Still, she predicts instability will persist for at least the next decade, although smaller refugee crises are more likely than the million-person dislocations of the 1990s. "It's the further breaking down of nation states that will lead to more conflicts and refugees and greater destabilization in the next ten years," says Ogata, a political scientist by training. "We may be entering a period where there are 200,000 [refugees] here, 200,000 there."
Since the Berlin Wall fell, the rupturing of nations from internal conflict has generated a wide range of new problems for the refugee agency.
The number of "internally displaced persons" - people forced from their homes who do not cross international borders - has increased dramatically and is now estimated at up to 25 million people in some 40 nations. That tops the number of refugees, defined by the UN as people fleeing their home country.
At the same time, refugee camps near conflict zones have become staging grounds for armed rebels and militia.
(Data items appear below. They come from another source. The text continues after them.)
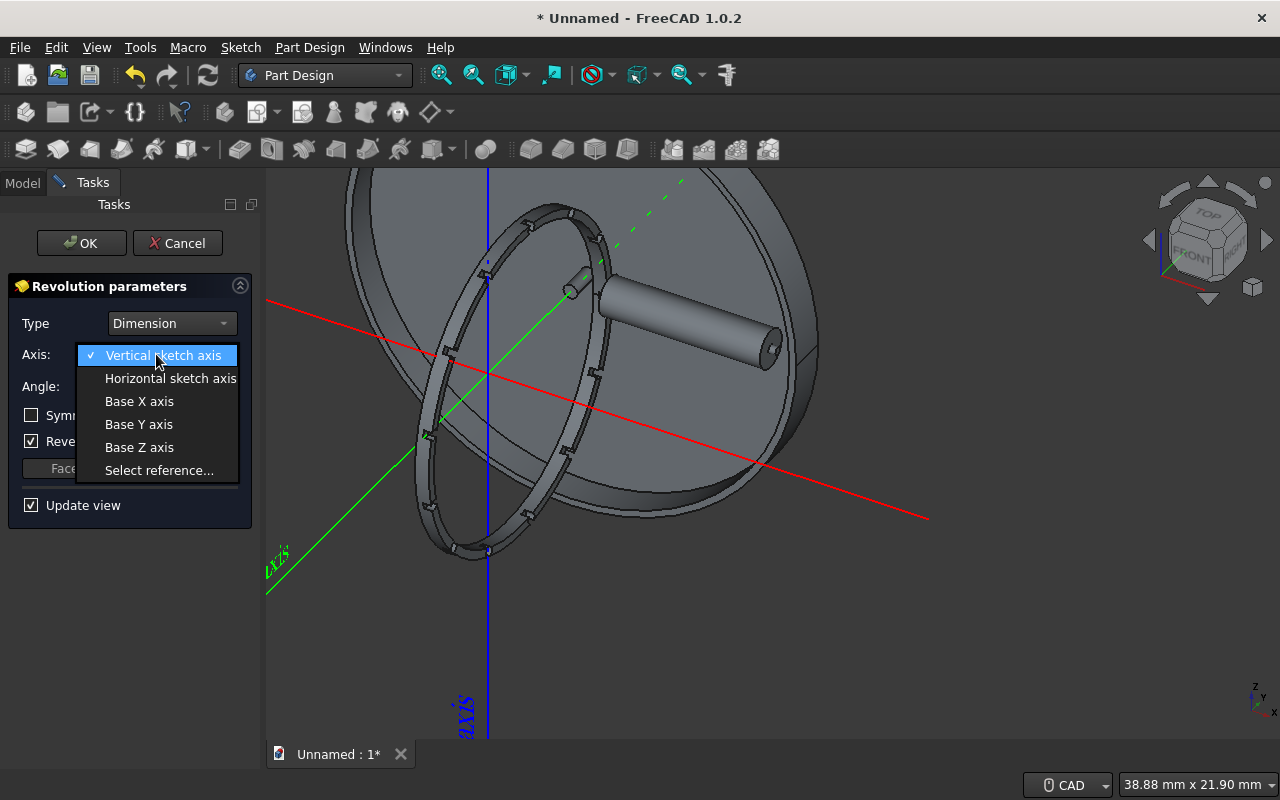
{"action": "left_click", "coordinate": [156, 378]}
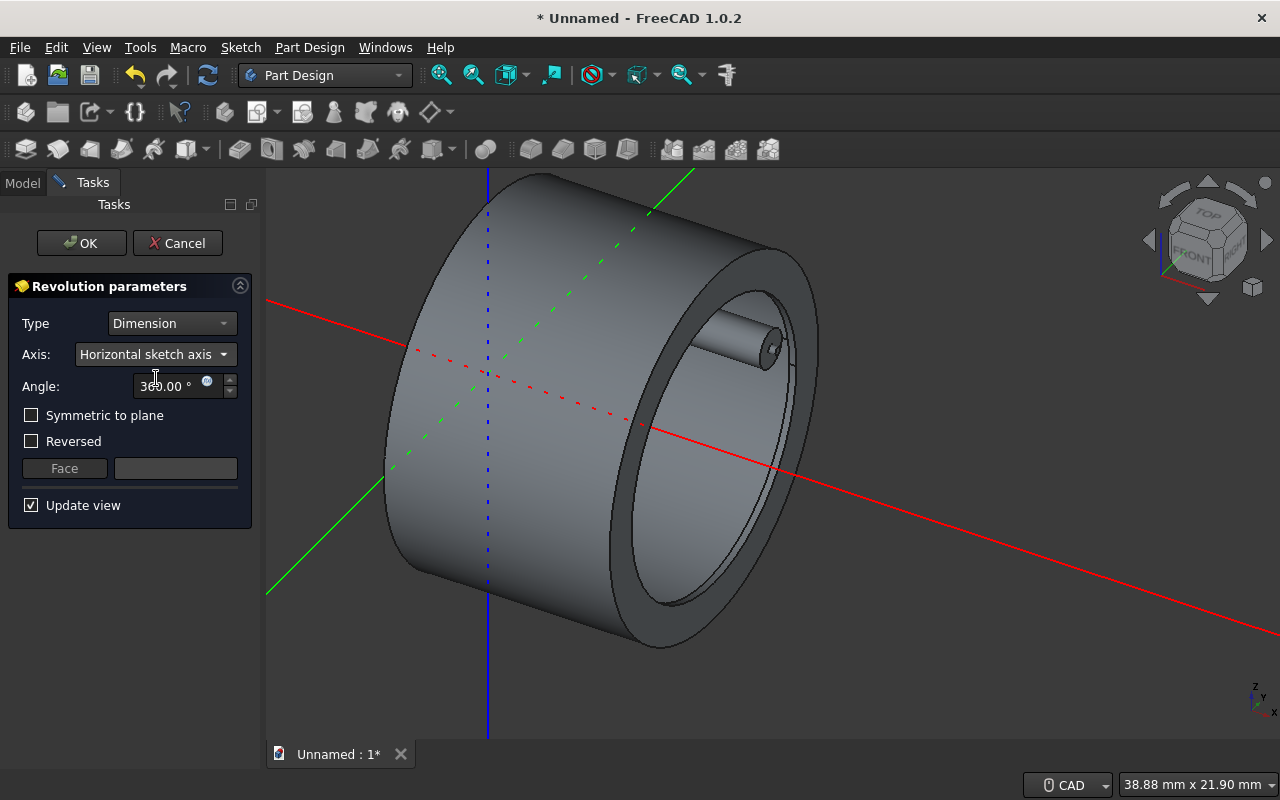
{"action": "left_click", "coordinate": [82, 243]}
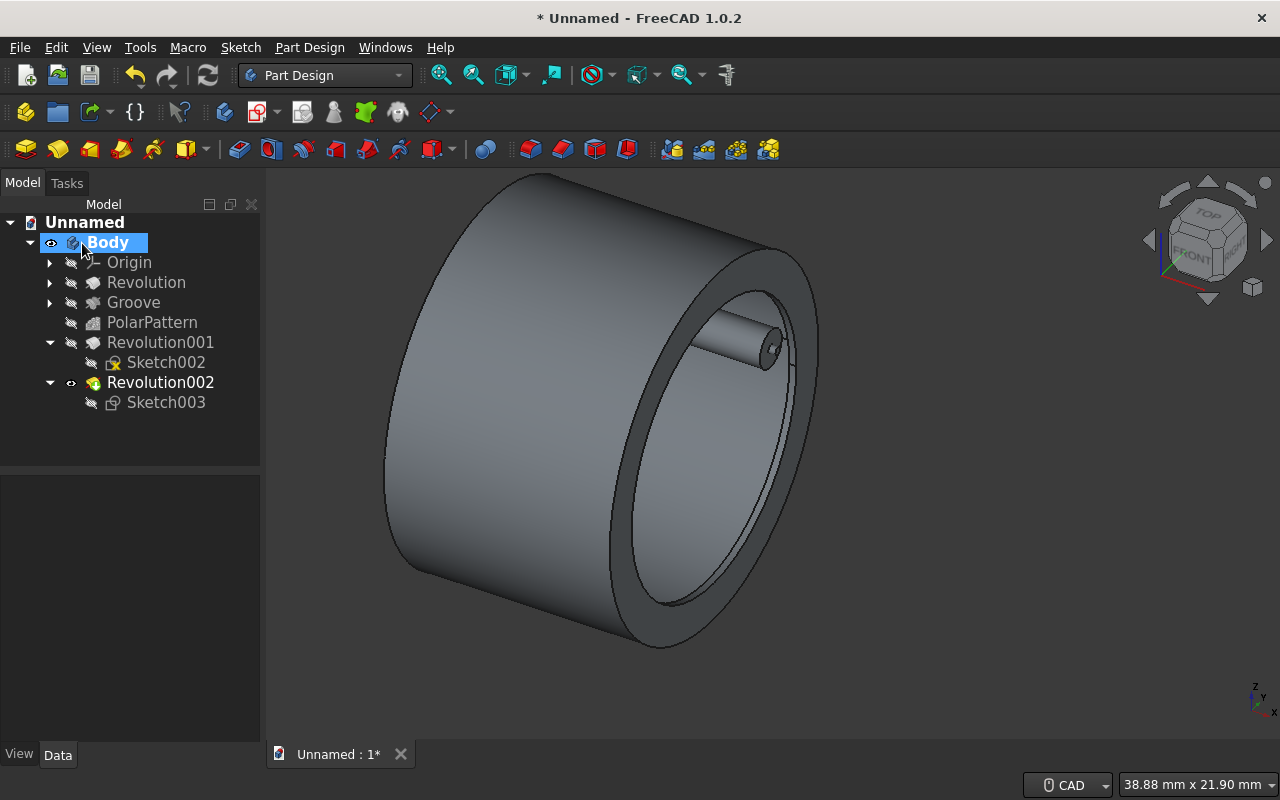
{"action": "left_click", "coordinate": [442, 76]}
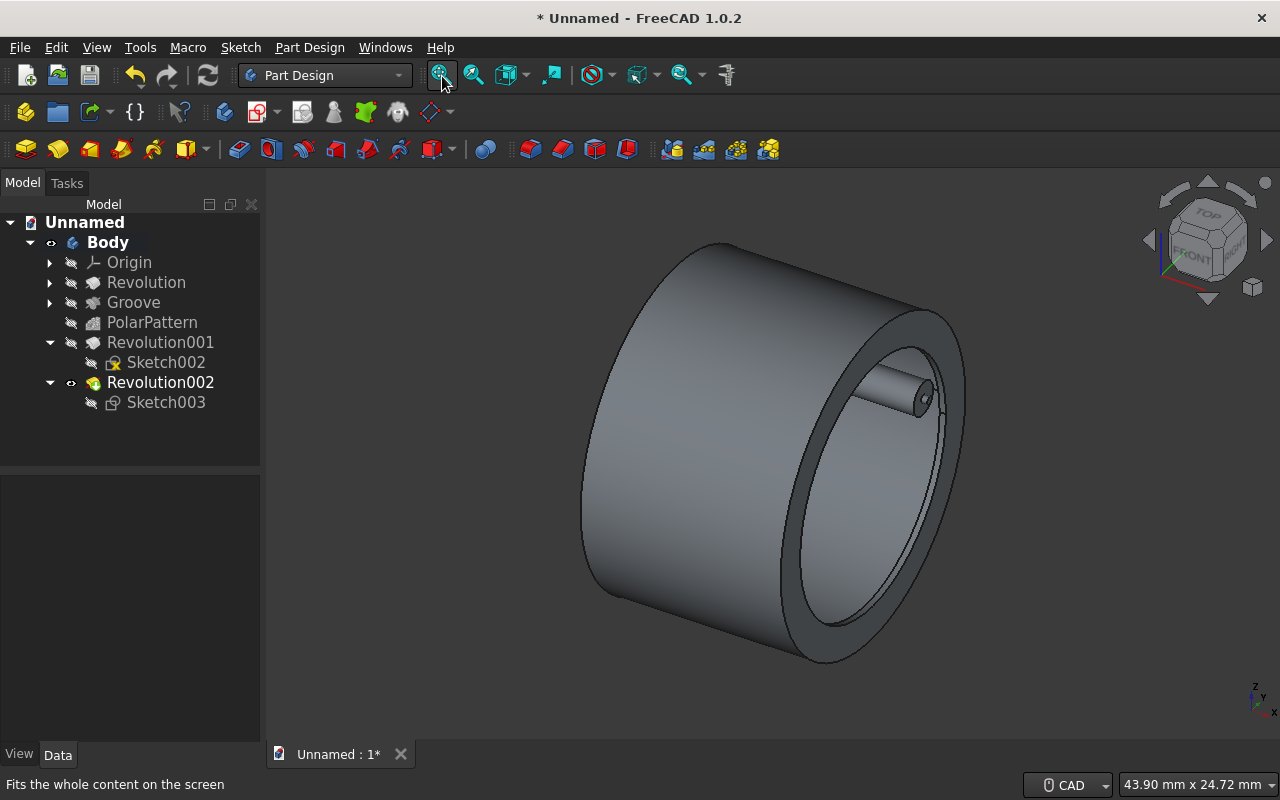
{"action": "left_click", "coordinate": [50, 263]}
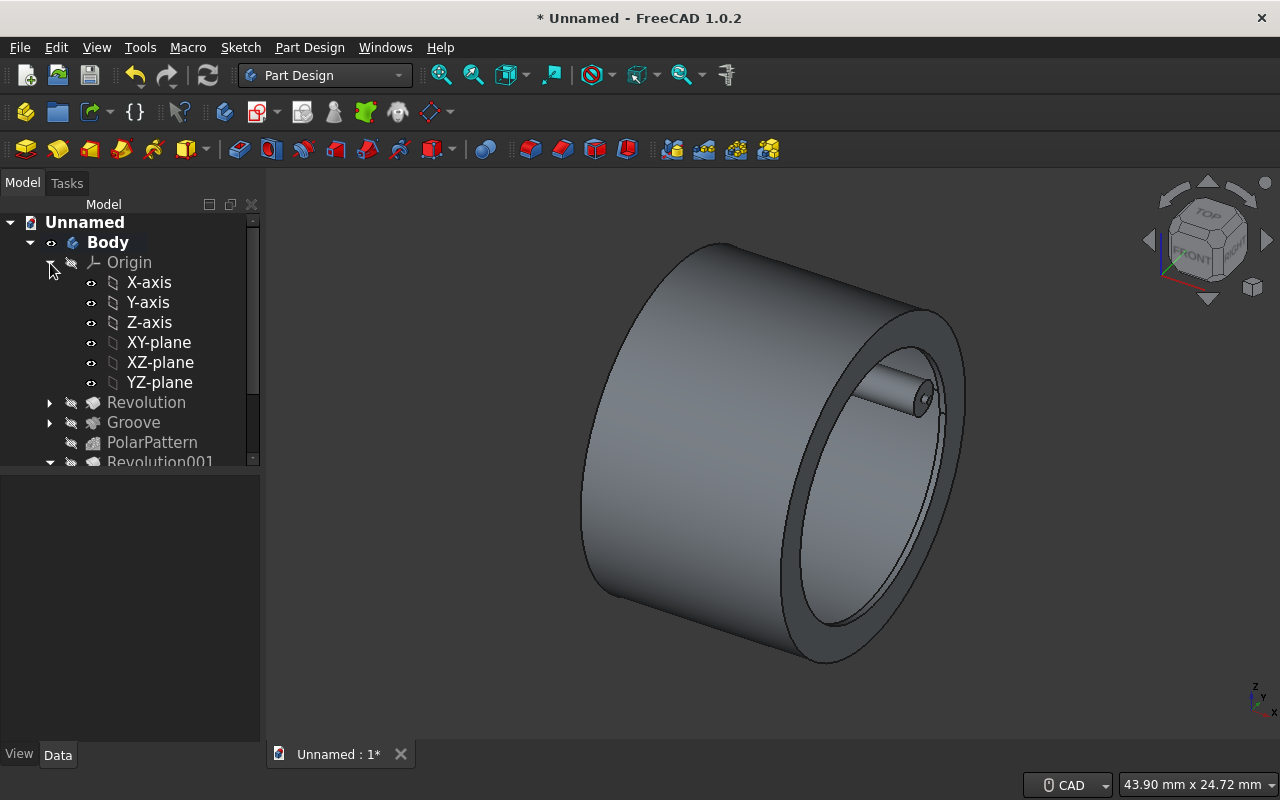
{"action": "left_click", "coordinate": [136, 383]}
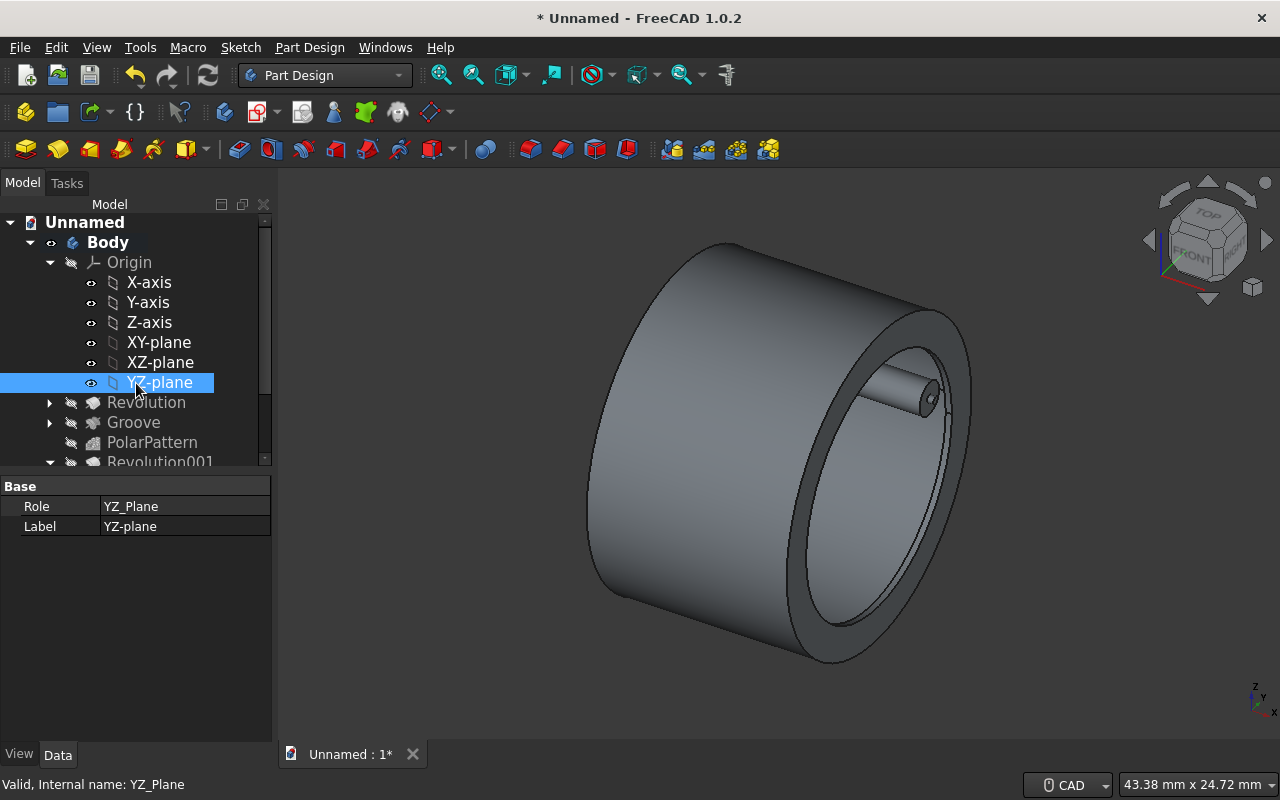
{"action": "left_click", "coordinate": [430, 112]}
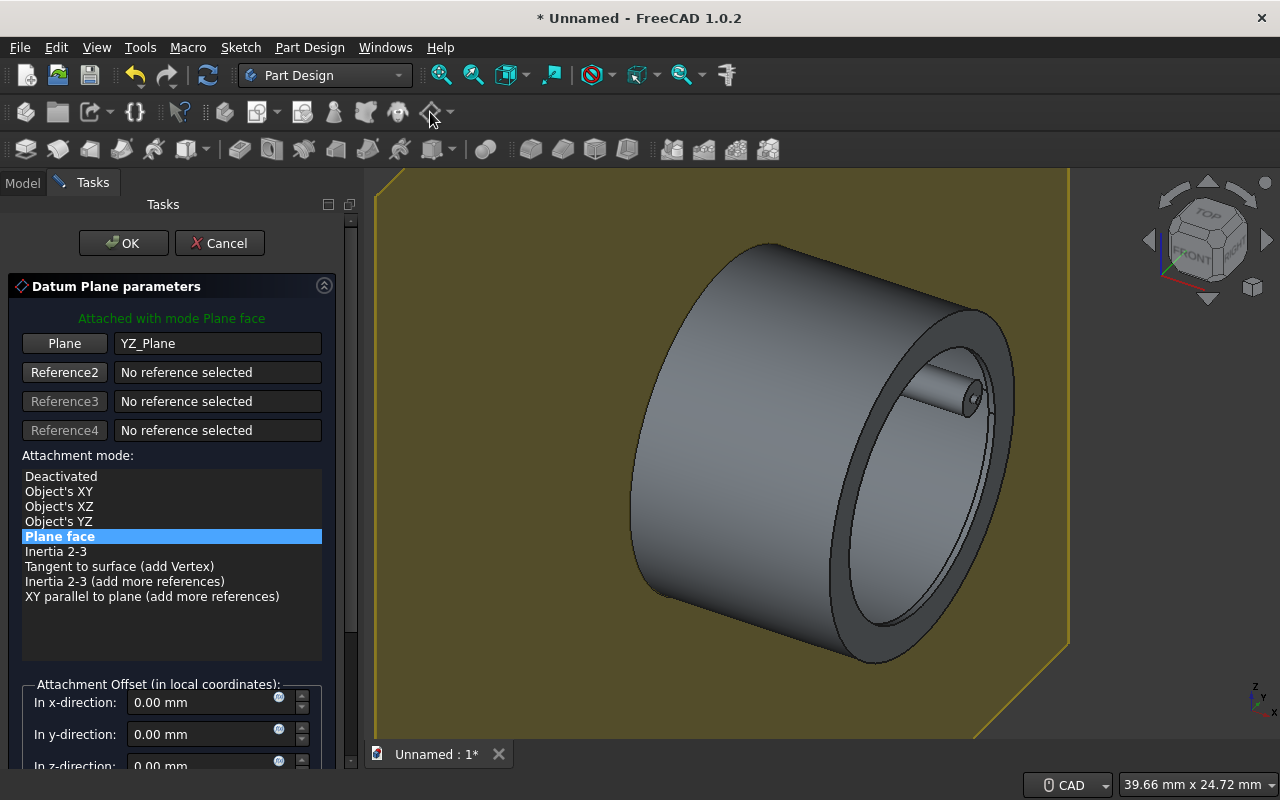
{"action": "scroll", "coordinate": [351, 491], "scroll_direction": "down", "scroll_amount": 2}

Although the problem of militarized refugee camps has existed since the 1970s, it intensified in the 1990s, most strikingly with the domination of Rwandan refugee camps in eastern Zaire by armed Hutu groups in the mid-1990s.
Meanwhile, industrialized states have tightened their asylum policies, stigmatizing refugees, and leading to a rise in human trafficking, according to a new UNHCR book. Other nations, worried about the threat of insurgencies, "just close the door and say 'don't come in,' " says Ogata.
Jetting around, Ogata has urged nations to fill what she sees as yawning gaps in refugee work.
High on her list today is convincing world governments to provide peacekeepers to disarm militarized groups and protect refugees and aid workers. "There is a limit to the US policy of letting everyone else send troops and be exposed to danger," she says crisply. "We have to be with the people, with the victims."
Ogata's other priority is to get beyond the cycle of crises followed by compassion fatigue. She is calling on the international community and the World Bank to back long-term development projects to rebuild economies and strengthen democratic institutions in war-devastated regions.
"How much more can you save lives? How much more can you really solve the problems?" she asks, her sober face surrounded by soft gray hair, modestly describing her life as "a series of accidents" although many would find a striking logic in her career.
Raised in "a rather liberal family" of Catholics in Tokyo, Ogata comes from a long line of statesmen and diplomats. Her great-grandfather was Prime Minister Tsuyoshi Inukai, whose assassination in 1932 marked the rise of unbridled Japanese militarism.
Ogata's grandfather was a delegate to the League of Nations and her father was a senior diplomat. She had a protected childhood living in diplomatic compounds in China and the United States.
In the 1950s, she won a Rotary Fellowship to study at Georgetown University, where she roomed with the future wife of Supreme Court Chief Justice William Rehnquist.
Ogata's list of achievements is impressive. Arriving on the eve of the 1991 Gulf War, she immediately bypassed the sluggish UN appeal process and created an emergency rapid response unit, with $50 million and 50 staff on standby under her direct control.
She has hired and trained UNHCR police forces in a bid to tame militarized camps and protect her own threatened staff (19 direct staff have been killed in the field since 1992).
She has upgraded the UNHCR technologically, with satellite communications, and reached out for funding to private sources ranging from Hollywood stars to Bill Gates, whose Microsoft Corp. recently funded a high-tech system for Kosovo refugees.
Ogata has her critics, with some former UNHCR employees calling her autocratic and queenly, and complaining she has spread the agency too thin - or not done enough.
Unable to please everyone, Ogata keeps her eyes fixed on her mission. Recalling a photograph of herself surrounded by refugee children in Zaire, she reflects: "I wonder how many of them are still alive."